■ **What this task involves**: Single out the lines of the material that contain "object" and copy them.

■ **Data records**:
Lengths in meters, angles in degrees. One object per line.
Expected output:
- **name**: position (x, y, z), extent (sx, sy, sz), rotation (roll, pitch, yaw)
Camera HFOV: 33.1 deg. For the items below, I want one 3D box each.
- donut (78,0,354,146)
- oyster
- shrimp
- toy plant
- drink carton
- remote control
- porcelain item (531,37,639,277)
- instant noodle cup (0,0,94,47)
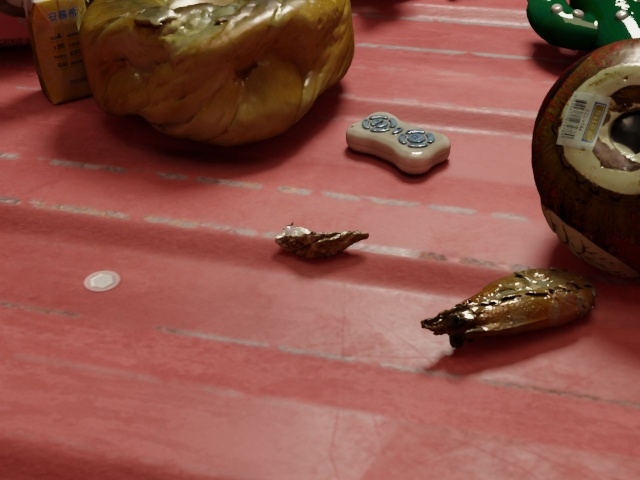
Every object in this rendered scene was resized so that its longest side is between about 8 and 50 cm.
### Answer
- **donut**: position (-0.126, -0.250, 1.360), extent (0.360, 0.170, 0.360), rotation (-5, 31, 3)
- **oyster**: position (-0.001, 0.001, 1.095), extent (0.093, 0.034, 0.051), rotation (3, 17, 28)
- **shrimp**: position (0.172, 0.062, 0.989), extent (0.184, 0.043, 0.091), rotation (-15, 28, -29)
- **toy plant**: position (0.408, -0.303, 1.443), extent (0.232, 0.113, 0.243), rotation (-21, 44, -22)
- **drink carton**: position (-0.338, -0.282, 1.388), extent (0.084, 0.200, 0.074), rotation (-18, 39, -21)
- **remote control**: position (0.090, -0.116, 1.260), extent (0.122, 0.032, 0.074), rotation (25, 43, 36)
- **porcelain item**: position (0.335, -0.073, 1.058), extent (0.252, 0.253, 0.253), rotation (-2, 34, 1)
- **instant noodle cup**: position (-0.437, -0.378, 1.523), extent (0.231, 0.243, 0.243), rotation (-3, 33, -12)

■ **Final answer**:
Lengths in meters, angles in degrees. One object per line.
Every object in this rendered scene was resized so that its longest side is between about 8 and 50 cm.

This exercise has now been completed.